Where I am now........bike starts fine when key on, kill switch on, clutch lever out and in neutral IF THE SIDE STAND IS UP! If I try and start it with the side stand down...no go. It doesn't matter if I hold the clutch in or not (by the way, I do have continuity across clutch switch when engaged). Anybody ever have the 3-way diode (up behind headlight shrould) go bad? When I remove the diode and jump the green/white to the green/red from the neutral switch it starts fine w/out having to lower the side stand. For whatever reason, when the side stand is down the bike won't start. The neutral light goes on in neutral, so the neutral switch must be working?

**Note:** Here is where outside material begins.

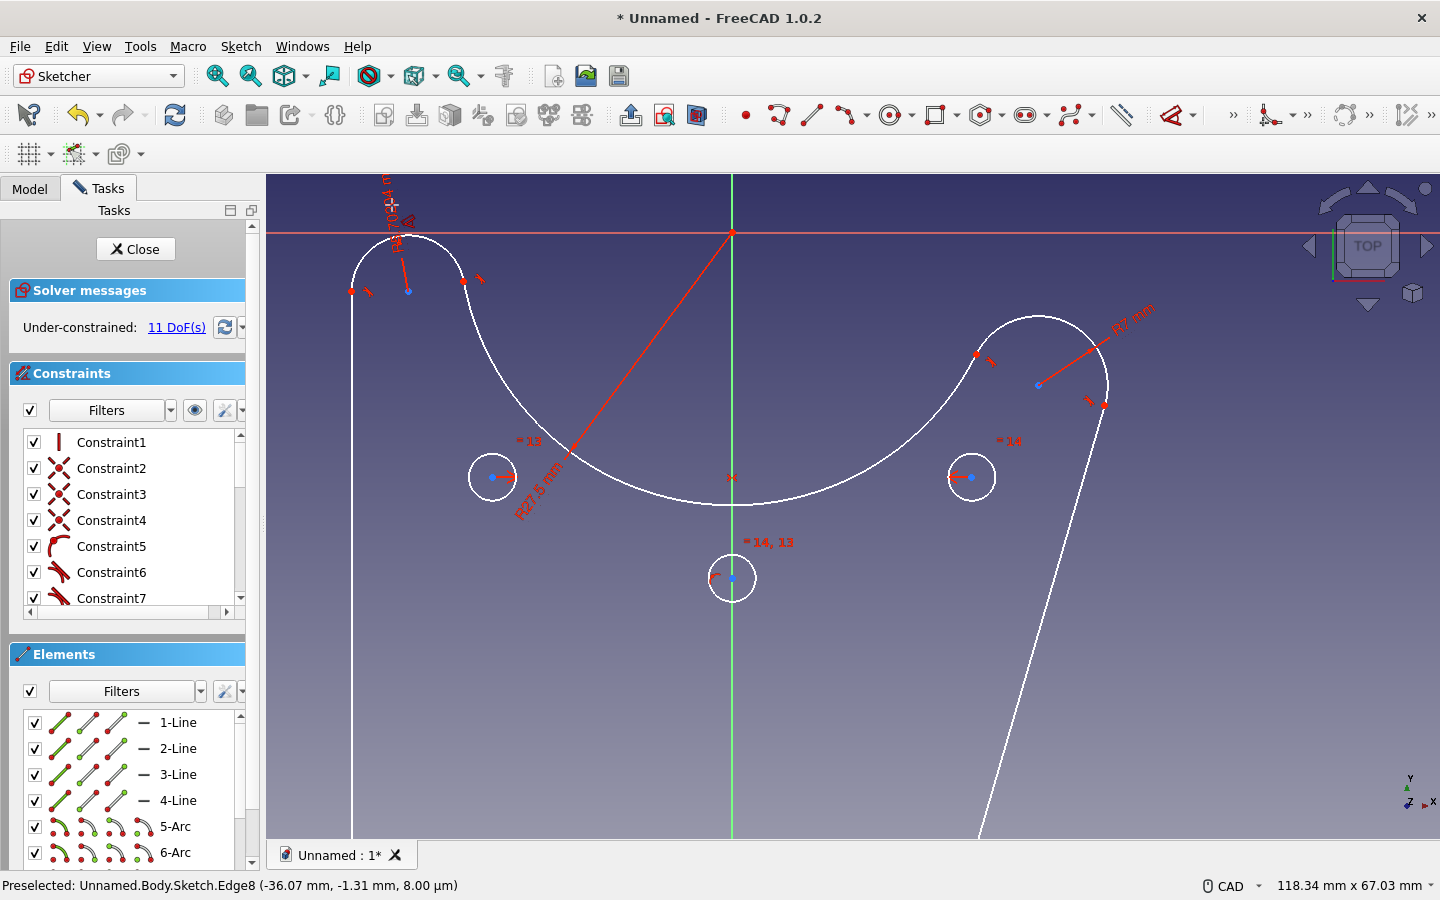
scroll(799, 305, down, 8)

Summer before last my bike got hard to start. Backfired a lot when starting, often started when I released the starter button. I found that all of those problems went away when i retracted the side stand before starting. Oddly it would still run most times if I deployed the side stand after starting it. I never tried to figure it out. I would just retract the side stand and start it and go ride. Later after cleaning most of the built up chain lube, from around the counter shaft, side stand, and nearby frame, with degreaser the problem went away. Now it starts easily with the stand down. This is why I suggested earlier that you clean the side stand switch. Or just start it with the stand up, or bypass the switch. Walter
Thanks, I pulled the switch and tried to clean it; it looks like it's sealed. It didn't do much good, I'm not sure how to pull it apart....does it come apart? There was a switch off a later XR on eBayfor $16; I bought that and figure I'll try it out. Any ideas on how to pull the switch apart? If I keep this up, I'll have built myself a whole new freakin' bike!
Here's what you want to do to make the problem go away. I just did this on a customers bike: First, put the side stand switch back on or the kick stand gets all wiggly. Cut the three wires at off the switch. Remove the seat so you can get to the 3 pin connector where the side stand wires connect to the main harness. Cut the green and the green/white wires from the side stand harness about an inch from the connector. Remove the 3rd wire. Strip, twist, and solder the green and green/white wires together and insolate the solder joint. The old connector from your side stand switch is now your new bypass jumper. The bike will start with the side stand up or down now.
I beg to differ. The switch mounts to the end of the kickstand through bolt and does nothing in the way of the kickstand being WIGGLY. If the stand is wiggly, it's just wiggly and the switch is there for the ride. BTW... If you do have a loose fitting side stand just remove it from the bike and use a vise to squeeze the end that mounts to the frame together. Remount and the looseness should be gone.
Fair enough, I was moving pretty quickly to by-pass all the ignition and starter interlocks on the XRL and didn't look too hard at how the switch was mounted. It just looked as though it was held on with the same bolt as the side stand. My mistake, but I stand by the wiring solution and I assure you that it works.
Well, figured I update the thread on this nightmare. After all the troubleshooting I ordered a new pulse generator. I unplugged the old one and plugged the new one to the harness. I pulled the sparkplug and left it hanging off the lead. Previously when the bike wouldn't spark I'd test the plug against the frame and no spark. This time when it wouldn't start I did the same....no spark. With the new pulse generator plugged to the harness I waved a screwdriver across the "nib" that sticks out from the pulse generator (the trigger point) and a bright blue spark jumped the plug gap. So, I pulled the side cover and the old pulse generator had some metal filings stuck to it, removed it and installed the new one. Put the cover back on and presto!
Fairly common,,and plugging in the PG and waving a chisel or something in front of it is great as you don`t need to pull the clutch cover unnecessarily if it`s not the PG.. I have a thread on ThumperTalk on repairing the CDI as the solder joints are a common failure...it`s at the top of the XR600-650 FORUM if anyone is interested.. http://www.thumpertalk.com/topic/881740-xrl650lnx250650transalp-cdi-repair/ B
Dude you saved me a hell of a lot of time and energy. Spade connector on my coil was super loose. Pinched it so it’s tight and the bike is like new again. Thank you
I've been having an intermittent-stall issue for months, which I thought I have resolved with a loose ground under the seat, but the bike just stalled out on my way into work this morning. It started right up again so luckily I wasn't stranded. I'll be the first to admit; I'm an idiot when it comes to this stuff: where's the coil and which connector did you pinch? Any other suggestions would be much appreciated.
Take off the tank and follow the spark plug wire from the plug to the coil. You’ll see the connections on top of the coil.